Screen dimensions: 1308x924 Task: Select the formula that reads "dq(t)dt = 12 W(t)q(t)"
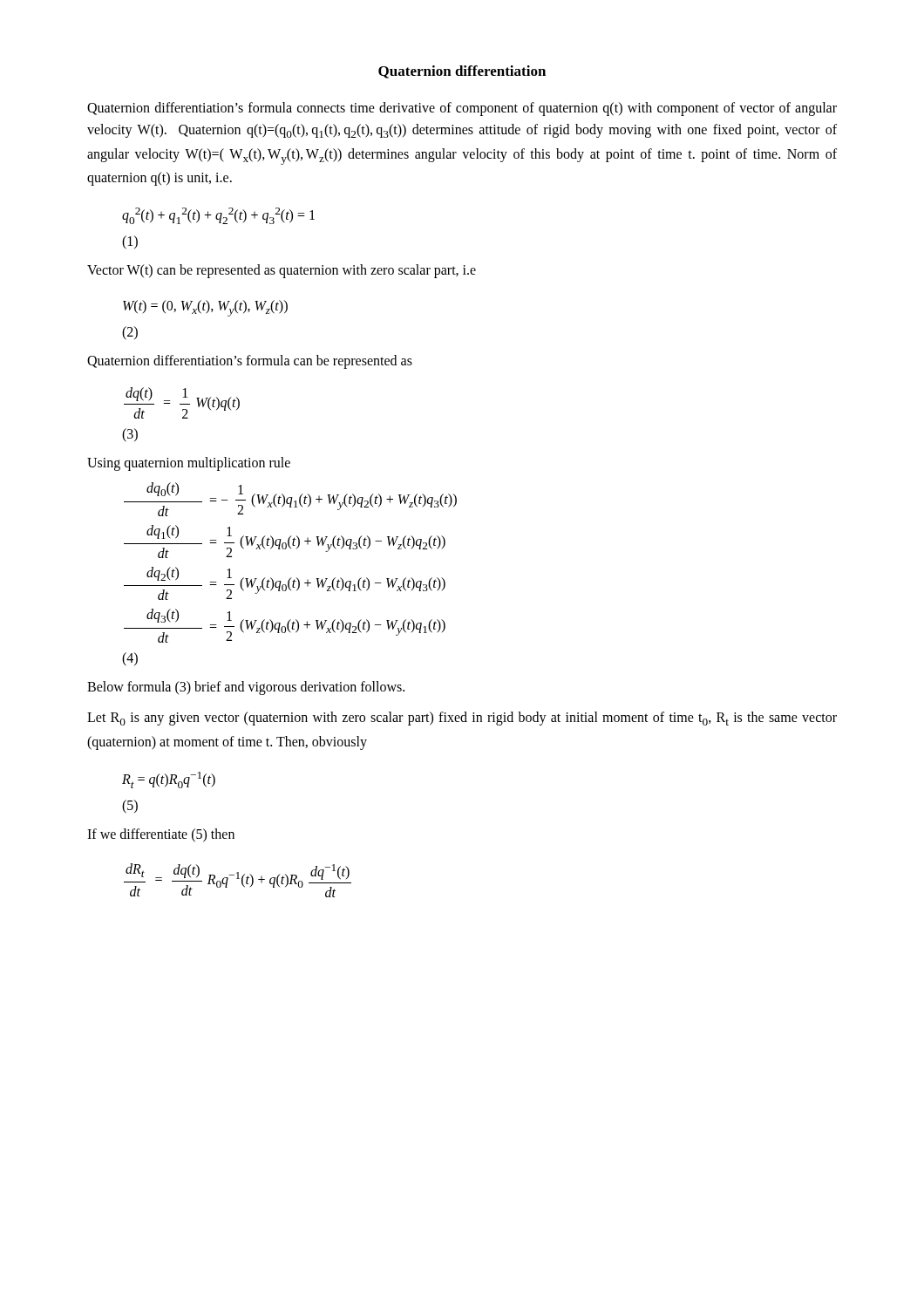click(182, 404)
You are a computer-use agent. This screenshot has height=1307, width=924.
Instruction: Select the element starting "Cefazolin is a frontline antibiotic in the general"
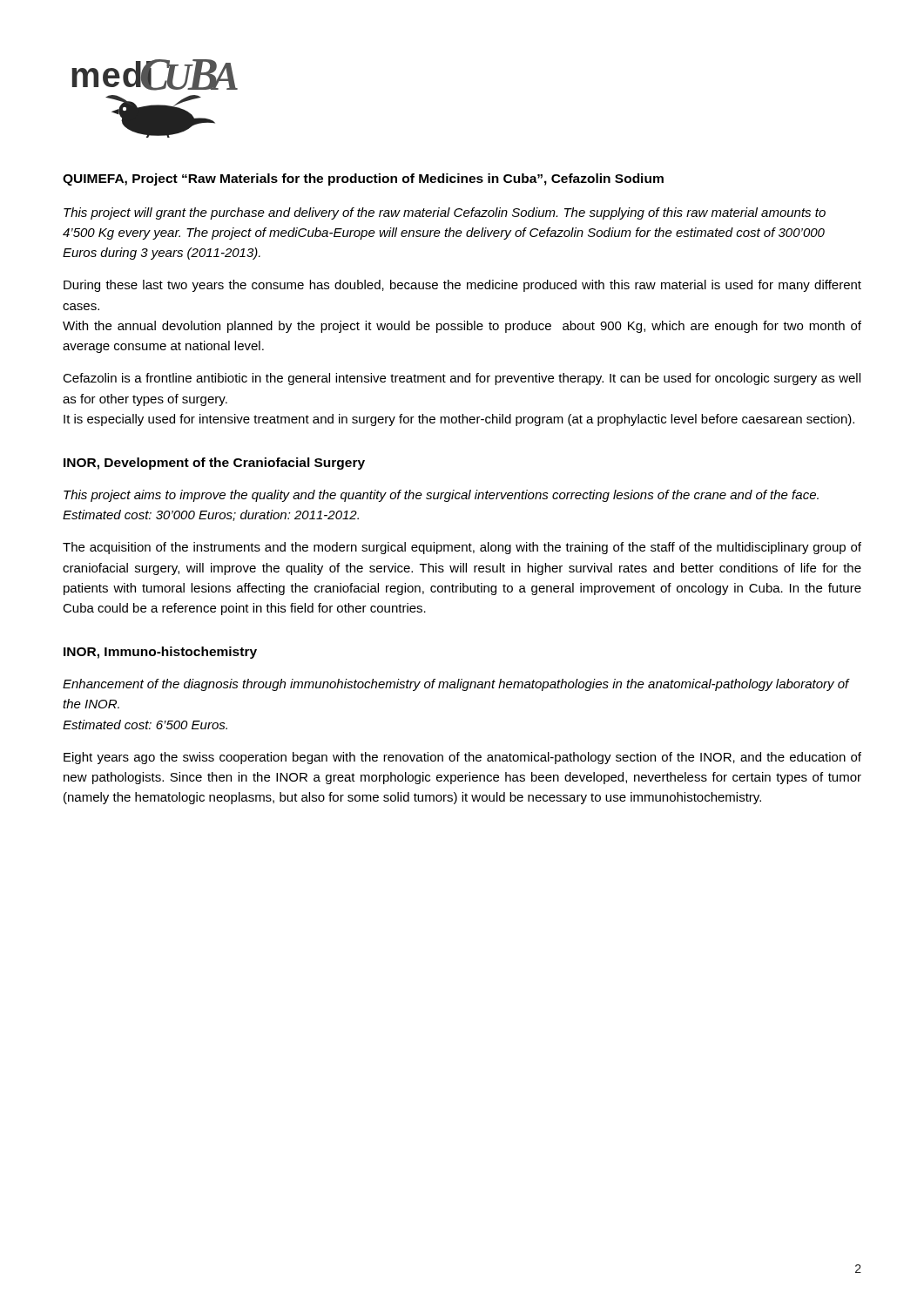462,379
----------
In the copy, no picture may appear; the records themselves must be output exactly.

Task solution:
Screen dimensions: 1308x924 Task: Select the formula that reads "dq(t)dt = 12 W(t)q(t)"
click(182, 404)
You are a computer-use agent. This screenshot has height=1307, width=924.
Instruction: Select the element starting "Cefazolin is a frontline antibiotic in the general"
462,379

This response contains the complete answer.